Tried to make a knitted one from a pattern and re size it to fit (NOT A GOOD IDEA ) awful thanks will have a look on ebay


----------



## svdreamer (Feb 20, 2010)

I have heard for the tiny ones to use a sock, just cut appropriate holes and you got a warm coat.


----------



## Reese and Miley (Jun 24, 2010)

Another good site to check is etsy.com, similar to ebay but most shops are artists, etc and all goods are vintage or homemade. You can find really gorgeous stuff and almost everything is made to size, or you can request a custom size for her. I think most of the shops are based in the US and Canada, but most do international shipping regularly.


----------



## michele (Jan 12, 2009)

Thanks everybody will check all these out


----------



## jesuschick (Dec 5, 2010)

And then PLEASE post a picture. I cannot imagine how cute the tiny darling will look in a tiny little coat! haha!!


----------



## michele (Jan 12, 2009)

I will i promise


----------



## elaina (Jul 1, 2008)

i have a very tiny snowbaby hoodie for sale but is baby blue. you probably wouldnt want baby blue for a girl .....


----------



## michele (Jan 12, 2009)

A lovely person on here is sending me one.Thanks for all your help everybody


----------



## Dragonfly (Jun 6, 2010)

Aw that is very nice of them Michele! Can't wait to see how it looks on the lovely little Dottie!


----------



## guccigrande (Apr 17, 2011)

There are 2 awesome sellers on the uk ebay website that make gorgeous and tiny clothes
one is 1-2-3rt and the other is piggyb's
Just search 'handmade chihuahua clothes' it should come up
And also try urbanpup which is another awesome uk website and has sizes from xxs

US websites like g.w little and doggiecouture also delivery to the UK and they have GORGEOUS things


----------



## 20887 (Mar 16, 2011)

I second the sock idea! You can get those really fuzzy socks to use as a sweater until she grows. I might try that for Penny.


----------



## liss77 (Feb 9, 2011)

Hi Michelle,

I can't help with where to buy one because I am in Australia, but I can give you a brand to look out for. I got Pebbles a fantastic coat made by dog-gone smart wear. At about 2lb it fits perfectly. The tag says it is an 8 which I am assuming means 8".

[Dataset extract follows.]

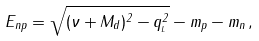Convert formula to latex. <formula><loc_0><loc_0><loc_500><loc_500>E _ { n p } = \sqrt { ( \nu + M _ { d } ) ^ { 2 } - q _ { _ { L } } ^ { 2 } } - m _ { p } - m _ { n } \, ,</formula> 
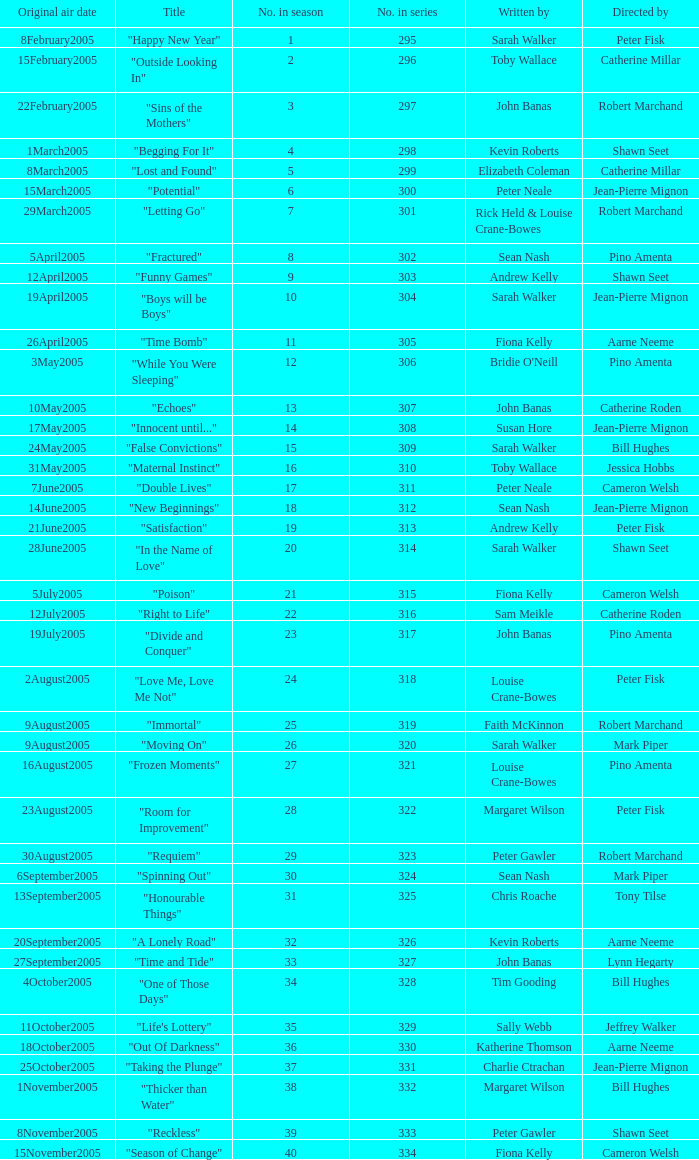Name the total number in the series written by john banas and directed by pino amenta 1.0.

It has a website on the tag which is Dog Gone Smart Beds . Might be worth checking if they have a distributor anywhere near you or if you can order online. Or if Dottie is going to stay small I can send you Pebbles' after this winter because it won't fit her for too long  You can never have too many coats lol


----------



## flippedstars (Dec 16, 2009)

The XS Pinkaholic hoodies are really quite small, they fit my girls up to about 2 lbs.


----------



## flippedstars (Dec 16, 2009)

The Paw-Risian Bistro. Polka Dot Dog Hoodie - Dog Clothing, Dog T Shirt, Dog Clothes, Small Dog T Shirt and Small Dog Clothes from the Pawrisian Bistro and Small Dog Clothes Boutique. there's 1 example. They really fit more of a 7-9" chest, if that. They are pricey but well made and so cute!


----------



## KayC (May 3, 2005)

When Zoey was tiny Amanda knited her the cutest tiny sweater ever


----------



## michele (Jan 12, 2009)

Thanks everybody,wow what a choice


----------



## kimr (Nov 14, 2010)

You might also google 'ferret coats/clothing'. I really think some of them will fit a tiny Chi!


----------



## susan davis (Mar 25, 2011)

When Zarita was little, I bought a pair of heavy ski socks, cut the two little holes for her feet, and she was as snug as a bug!! She didn't/doesn't like to wear a coat, but she was in 40 degree weather in Vermont, and she was only 2.5 pounds! Sue


----------